# Examining The Influence Of Square Footage On The Selling Price Of Houses In Vancouver #

## Introduction: ##
The Vancouver housing market is notorious for its skyrocketing prices-- making it the "second-most unaffordable [housing] market" after Hong Kong according to Kwan, Bloomberg News.

A newcomer to Vancouver looking for a home might wonder what "cheap" is when looking for homes. On the flip side, a seller might wonder whether they are pricing their home below, above, or at the market expectation in order to accelerate or deccelerate their time-to-sale.

(cite this later https://www.bnnbloomberg.ca/hong-kong-housing-ranked-world-s-least-affordable-for-9th-year-1.1201263)

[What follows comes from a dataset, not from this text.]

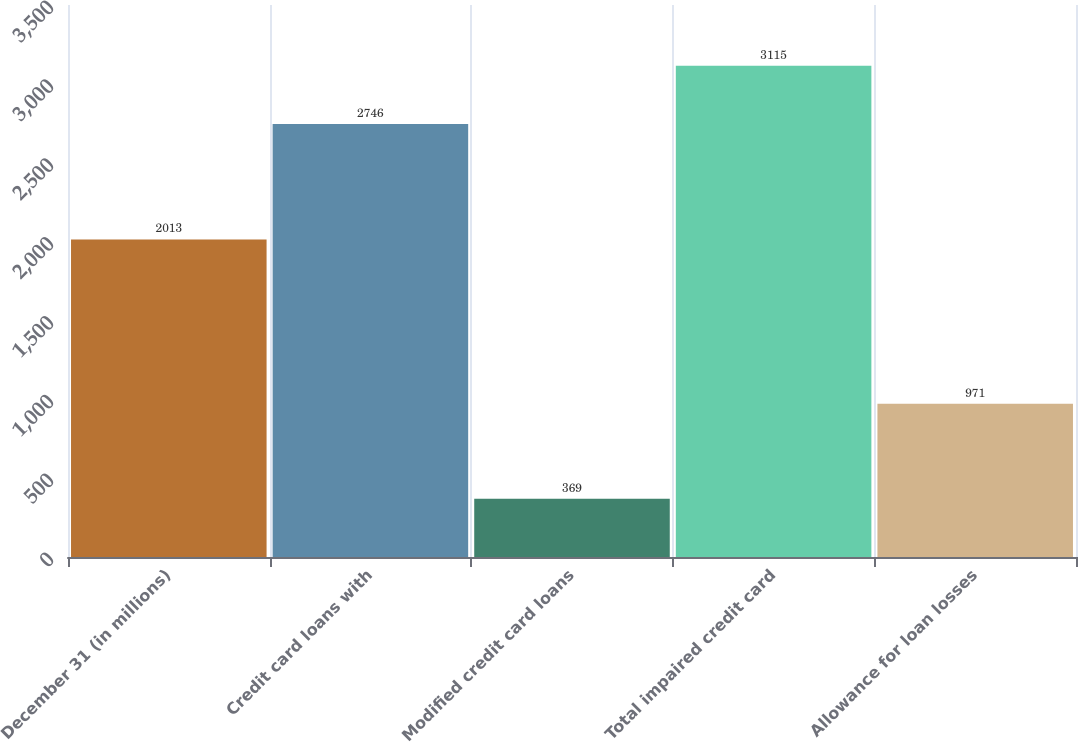<chart> <loc_0><loc_0><loc_500><loc_500><bar_chart><fcel>December 31 (in millions)<fcel>Credit card loans with<fcel>Modified credit card loans<fcel>Total impaired credit card<fcel>Allowance for loan losses<nl><fcel>2013<fcel>2746<fcel>369<fcel>3115<fcel>971<nl></chart>

The price of a house can depend on a multitude of factors, including location, size, the age of the home, and many others. Based on information about the property, predictions can be made about the selling price of a home compared to others in the area.

The goal of our project is to utilize regression analysis to determine the relationship between price and total square footage of houses in Vancouver. We will do this using a  [publicly available dataset from the website Kaggle](https://www.kaggle.com/datasets/darianghorbanian/vancouver-home-price-analysis-regression), which has price data, square footage, and other details about Vancouver houses from 2017-2020. 

Our Predictive Question is: “Does the square footage of a house in Vancouver have an impact on its selling price?”

# Methods & Results: #


## loading data from the original source on the web ##

The dataset that we have chosen for this project is a publicly available dataset from the website Kaggle, which has price data, square footage, and other details about Vancouver houses from its respective time period.

https://www.kaggle.com/datasets/darianghorbanian/vancouver-home-price-analysis-regression In order to read our dataset directly from the Kaggle website, we will need to work with the Kaggle API and set it up using an authentication username and key.

First, we will import the necessary libraries to use throughout our project.

In [23]:
### importing the necessary libraries
import altair as alt
import numpy as np
import pandas as pd
from sklearn import set_config
from sklearn.model_selection import GridSearchCV, cross_validate, train_test_split
from sklearn.neighbors import KNeighborsRegressor
from sklearn.pipeline import make_pipeline
from sklearn.preprocessing import StandardScaler
from sklearn.metrics import mean_squared_error

# Simplify working with large datasets in Altair
alt.data_transformers.disable_max_rows()

# Output dataframes instead of arrays
set_config(transform_output="pandas")

Then we will install the Kaggle package, to interact with the Kaggle API as outlined in their documentation: https://www.kaggle.com/docs/api

In [24]:
# set up Kaggle for downloading data set 

!pip install kaggle
import os

os.environ['KAGGLE_USERNAME'] = 'alexannn'
os.environ['KAGGLE_KEY'] = '134ddfd9c0609f9493f6766bad383898'



In [25]:
# download data set
!kaggle datasets download -d darianghorbanian/vancouver-home-price-analysis-regression --unzip

Dataset URL: https://www.kaggle.com/datasets/darianghorbanian/vancouver-home-price-analysis-regression
License(s): unknown
Downloading vancouver-home-price-analysis-regression.zip to /home/jovyan/work/Working Folder/vancouver_housing_predictions
  0%|                                               | 0.00/30.1k [00:00<?, ?B/s]
100%|██████████████████████████████████████| 30.1k/30.1k [00:00<00:00, 9.36MB/s]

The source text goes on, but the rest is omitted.